CMA has published its annual report on compliance with the SME banking behavioural undertakings 2002, covering the period from 1 July 2021 to 30 June 2022. The report analyses how well 8 UK banks have complied with obligations restricting their ability to bundle certain products offered to SMEs.
One bank reported that 6 customers who had requested a fee-free Loan Servicing Account were given a BCA, which charges SMEs, instead. Refunds were provided to each customer, and due to the scale of the breach and this remedial action, CMA did not take public enforcement action.

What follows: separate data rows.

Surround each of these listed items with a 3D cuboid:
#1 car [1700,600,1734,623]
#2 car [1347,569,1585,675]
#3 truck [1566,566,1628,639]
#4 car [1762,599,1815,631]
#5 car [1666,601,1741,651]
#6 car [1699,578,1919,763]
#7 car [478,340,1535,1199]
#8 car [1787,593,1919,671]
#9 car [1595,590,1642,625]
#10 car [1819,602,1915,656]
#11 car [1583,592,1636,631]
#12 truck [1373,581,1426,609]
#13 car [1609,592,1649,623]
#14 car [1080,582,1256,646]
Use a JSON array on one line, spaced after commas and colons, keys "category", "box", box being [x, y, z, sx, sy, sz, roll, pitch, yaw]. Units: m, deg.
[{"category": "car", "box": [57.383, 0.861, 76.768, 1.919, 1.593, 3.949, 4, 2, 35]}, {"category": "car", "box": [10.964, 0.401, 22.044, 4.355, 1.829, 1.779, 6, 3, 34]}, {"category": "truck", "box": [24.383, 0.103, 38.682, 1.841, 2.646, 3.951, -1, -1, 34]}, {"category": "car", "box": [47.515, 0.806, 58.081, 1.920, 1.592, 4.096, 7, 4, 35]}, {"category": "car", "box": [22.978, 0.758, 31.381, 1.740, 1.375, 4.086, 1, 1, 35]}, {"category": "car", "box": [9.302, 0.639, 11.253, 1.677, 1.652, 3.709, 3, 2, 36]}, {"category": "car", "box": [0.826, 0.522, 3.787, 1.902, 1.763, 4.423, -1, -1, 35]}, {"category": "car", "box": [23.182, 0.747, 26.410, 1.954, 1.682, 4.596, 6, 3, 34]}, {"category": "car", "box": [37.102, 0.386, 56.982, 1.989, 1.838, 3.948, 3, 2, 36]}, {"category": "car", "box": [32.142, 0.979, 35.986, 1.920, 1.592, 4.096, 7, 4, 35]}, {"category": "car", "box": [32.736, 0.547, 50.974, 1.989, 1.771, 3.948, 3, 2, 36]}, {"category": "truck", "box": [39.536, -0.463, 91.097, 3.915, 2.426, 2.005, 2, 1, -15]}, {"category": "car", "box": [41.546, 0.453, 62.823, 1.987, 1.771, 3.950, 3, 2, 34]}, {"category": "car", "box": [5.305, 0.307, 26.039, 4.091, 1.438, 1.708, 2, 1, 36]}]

The report also set out best practices in ensuring compliance with the undertakings where banks have fallen short. In particular, it concluded that banks should:
- Have in place policies, practices and procedures to:
- Monitor compliance with the undertakings; and
- Ensure internal communications support compliance with the undertakings, and that staff are informed of their responsibilities;
- Provide training to staff on how to comply with the undertakings and assess their understanding. CMA considers that all staff should be trained on their legal obligations, even if SMEs are not their main customers or they are new to the role;
- Review their lending appeals processes to check if potential customers have been refused loans or savings accounts because they were not offered a BCA;
- Review their own internal complaints; and
- Have an individual complaint code for the bundling of products.
CMA drew particular attention to the enhanced measures adopted by Clydesdale, which carries out training twice yearly.